CN116760210A - Cooling structure for reducing temperature rise of compound excitation motor with staggered magnetic poles - Google Patents

Abstract

The invention relates to a cooling structure for reducing the temperature rise of a composite excitation motor with staggered magnetic poles, which comprises a cooling water channel, two sections of stators and a direct-current excitation winding, wherein the direct-current excitation winding is wound in the lower concave part of the cooling water channel of the disconnection part of the two sections of stators along the circumferential direction; and the direct contact between the cooling water channel and the two sections of stators and the direct current excitation winding is realized. According to the invention, the exciting winding is arranged on the cooling water pipe, so that the direct contact between the cooling water pipe and the stator and between the cooling water pipe and the exciting winding are realized, the contact thermal resistance between the cooling water and the stator and between the cooling water pipe and the exciting winding are reduced, the cooling effect is better, the heat dissipation efficiency is higher, and the cooling water pipe is arranged at the junction of the yoke part of the stator and the magnetic-conducting back yoke, is far away from an alternating magnetic field, and has less influence on the performance of a motor even if a metal material is adopted.

Description

A cooling structure for reducing the temperature rise of staggered pole compound excitation motors

Technical field

The invention relates to a staggered magnetic pole compound excitation motor, and in particular to a staggered magnetic pole compound excitation motor water-cooling structure.

Background technique

Compared with traditional electric excitation motors and permanent magnet motors, compound excitation motors have the advantages of higher efficiency and adjustable air gap magnetic field. However, because compound excitation motors use DC auxiliary excitation windings to magnetize ferromagnetic poles to adjust the air gap magnetic field, Therefore, in addition to the AC winding, an additional DC winding is required, and it is also very important to reduce its temperature rise.

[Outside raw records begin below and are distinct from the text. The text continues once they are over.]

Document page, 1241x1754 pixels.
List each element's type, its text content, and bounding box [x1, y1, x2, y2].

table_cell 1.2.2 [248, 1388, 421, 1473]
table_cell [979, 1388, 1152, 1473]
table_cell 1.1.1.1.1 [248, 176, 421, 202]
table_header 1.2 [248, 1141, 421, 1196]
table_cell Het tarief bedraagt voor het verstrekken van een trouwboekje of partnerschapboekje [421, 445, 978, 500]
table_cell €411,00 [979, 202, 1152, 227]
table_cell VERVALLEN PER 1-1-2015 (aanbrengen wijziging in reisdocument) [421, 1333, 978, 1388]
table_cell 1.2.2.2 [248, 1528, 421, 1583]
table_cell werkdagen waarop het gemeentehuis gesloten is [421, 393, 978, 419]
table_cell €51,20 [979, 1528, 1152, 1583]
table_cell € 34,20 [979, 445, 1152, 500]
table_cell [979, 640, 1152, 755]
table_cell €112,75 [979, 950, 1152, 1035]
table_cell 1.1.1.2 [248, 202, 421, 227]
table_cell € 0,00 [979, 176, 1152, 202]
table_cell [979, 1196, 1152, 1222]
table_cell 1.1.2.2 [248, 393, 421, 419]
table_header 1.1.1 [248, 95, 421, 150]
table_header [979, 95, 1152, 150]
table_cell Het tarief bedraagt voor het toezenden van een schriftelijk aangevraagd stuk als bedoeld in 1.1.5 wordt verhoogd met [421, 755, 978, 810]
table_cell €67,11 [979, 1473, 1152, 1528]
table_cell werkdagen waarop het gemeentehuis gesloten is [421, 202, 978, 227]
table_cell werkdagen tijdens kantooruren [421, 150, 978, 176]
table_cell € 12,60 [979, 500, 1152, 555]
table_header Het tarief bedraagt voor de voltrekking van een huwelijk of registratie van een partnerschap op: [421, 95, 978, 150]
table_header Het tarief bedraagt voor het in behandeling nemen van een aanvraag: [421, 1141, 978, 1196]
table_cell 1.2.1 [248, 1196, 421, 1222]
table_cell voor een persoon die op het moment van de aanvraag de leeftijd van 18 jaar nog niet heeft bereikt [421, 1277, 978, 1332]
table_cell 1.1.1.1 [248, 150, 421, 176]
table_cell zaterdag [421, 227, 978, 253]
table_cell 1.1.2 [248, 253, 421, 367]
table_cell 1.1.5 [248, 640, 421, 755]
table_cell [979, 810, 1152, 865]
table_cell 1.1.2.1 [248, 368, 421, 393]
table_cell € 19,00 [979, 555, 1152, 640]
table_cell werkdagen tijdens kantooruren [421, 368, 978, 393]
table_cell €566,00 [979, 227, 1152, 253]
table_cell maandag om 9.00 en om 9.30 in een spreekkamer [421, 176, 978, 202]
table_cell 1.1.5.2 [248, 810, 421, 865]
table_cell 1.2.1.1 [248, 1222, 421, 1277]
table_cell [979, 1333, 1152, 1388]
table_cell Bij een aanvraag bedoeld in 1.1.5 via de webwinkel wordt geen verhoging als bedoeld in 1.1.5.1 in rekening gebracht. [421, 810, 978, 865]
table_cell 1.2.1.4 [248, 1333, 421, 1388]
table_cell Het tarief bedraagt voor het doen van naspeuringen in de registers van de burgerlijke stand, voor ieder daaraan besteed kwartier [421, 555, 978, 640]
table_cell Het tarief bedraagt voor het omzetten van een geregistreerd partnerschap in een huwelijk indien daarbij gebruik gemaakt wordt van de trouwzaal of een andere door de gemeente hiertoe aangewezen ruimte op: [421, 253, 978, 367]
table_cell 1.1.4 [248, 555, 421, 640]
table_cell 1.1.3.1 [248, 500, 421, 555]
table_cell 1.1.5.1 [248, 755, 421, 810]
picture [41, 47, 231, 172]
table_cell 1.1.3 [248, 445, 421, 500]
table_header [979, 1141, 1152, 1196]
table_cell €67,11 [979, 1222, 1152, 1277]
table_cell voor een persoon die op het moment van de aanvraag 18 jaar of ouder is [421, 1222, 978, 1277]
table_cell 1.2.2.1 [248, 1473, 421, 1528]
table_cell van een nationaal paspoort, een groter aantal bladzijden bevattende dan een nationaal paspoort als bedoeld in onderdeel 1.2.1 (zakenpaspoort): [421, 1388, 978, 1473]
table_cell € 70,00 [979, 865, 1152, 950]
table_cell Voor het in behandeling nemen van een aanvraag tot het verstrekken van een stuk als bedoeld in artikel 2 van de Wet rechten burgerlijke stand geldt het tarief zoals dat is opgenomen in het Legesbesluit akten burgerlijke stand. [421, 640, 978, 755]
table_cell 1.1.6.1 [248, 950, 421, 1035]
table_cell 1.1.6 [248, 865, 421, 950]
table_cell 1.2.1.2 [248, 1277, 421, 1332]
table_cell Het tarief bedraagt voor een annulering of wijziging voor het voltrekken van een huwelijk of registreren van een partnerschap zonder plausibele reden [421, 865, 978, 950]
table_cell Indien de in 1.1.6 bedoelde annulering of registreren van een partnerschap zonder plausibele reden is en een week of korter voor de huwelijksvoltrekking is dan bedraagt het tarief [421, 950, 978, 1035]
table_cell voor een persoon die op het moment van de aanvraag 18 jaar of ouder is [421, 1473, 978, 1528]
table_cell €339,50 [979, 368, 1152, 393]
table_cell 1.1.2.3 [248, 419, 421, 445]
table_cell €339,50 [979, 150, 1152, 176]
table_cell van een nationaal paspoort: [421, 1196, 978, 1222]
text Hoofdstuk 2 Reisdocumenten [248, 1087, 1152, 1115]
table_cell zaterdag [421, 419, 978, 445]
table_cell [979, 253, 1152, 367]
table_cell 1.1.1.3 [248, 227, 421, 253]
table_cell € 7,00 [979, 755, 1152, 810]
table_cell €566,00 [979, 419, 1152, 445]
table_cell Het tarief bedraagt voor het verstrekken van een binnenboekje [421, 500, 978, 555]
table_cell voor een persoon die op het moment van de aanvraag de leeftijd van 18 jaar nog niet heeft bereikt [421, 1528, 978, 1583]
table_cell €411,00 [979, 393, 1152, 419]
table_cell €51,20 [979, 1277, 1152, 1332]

In the current cooling structure of compound excitation motors, the traditional water-cooling method is to install a water-cooled machine base outside the stator back yoke. The heat generated by the field winding and the stator core is conducted through the stator magnetic back yoke into the water-cooling structure, and is taken away by the cooling water. This Method: The heat transfer path between the cooling water, the DC excitation winding and the stator is long, the thermal resistance is large, and the efficiency is low; or holes are opened along the axial direction in the stator core, and the water-cooling tube is placed in the hole. This structure requires the stator to be The iron core is processed, and if the cooling water pipe is made of metal materials with high thermal conductivity, it will also affect the performance of the motor.

In order to solve the problem of low heat dissipation efficiency of the AC main winding and auxiliary excitation winding in the compound excitation motor, and to effectively reduce the temperature rise of the motor stator and DC auxiliary excitation winding, a new cooling structure needs to be designed.

Contents of the invention

In view of the difficulty in cooling the DC excitation winding of the existing compound excitation motor, the present invention proposes a cooling structure for reducing the temperature rise of the staggered pole compound excitation motor. This cooling structure proposes to install a cooling water pipe at the junction of the stator yoke and the stator magnetic back yoke. , the cooling water pipe has a recess in the disconnected part of the stator, and the field winding is installed in the recess of the cooling water channel. This structure can not only facilitate the installation of the field winding, but also directly cool the field winding and the motor stator core.

In order to achieve the above objects, the technical solution of the present invention is:

A cooling structure for reducing the temperature rise of a staggered pole composite excitation motor, including a cooling water channel, a two-section stator, and a DC excitation winding. The DC excitation winding is circumferentially wound around the recessed cooling water channel in the disconnected part of the two-section stator. to achieve direct contact between the cooling water channel and the two stator sections and the DC excitation winding, which is used to reduce the contact thermal resistance between the cooling water, the DC excitation winding and the two stator sections.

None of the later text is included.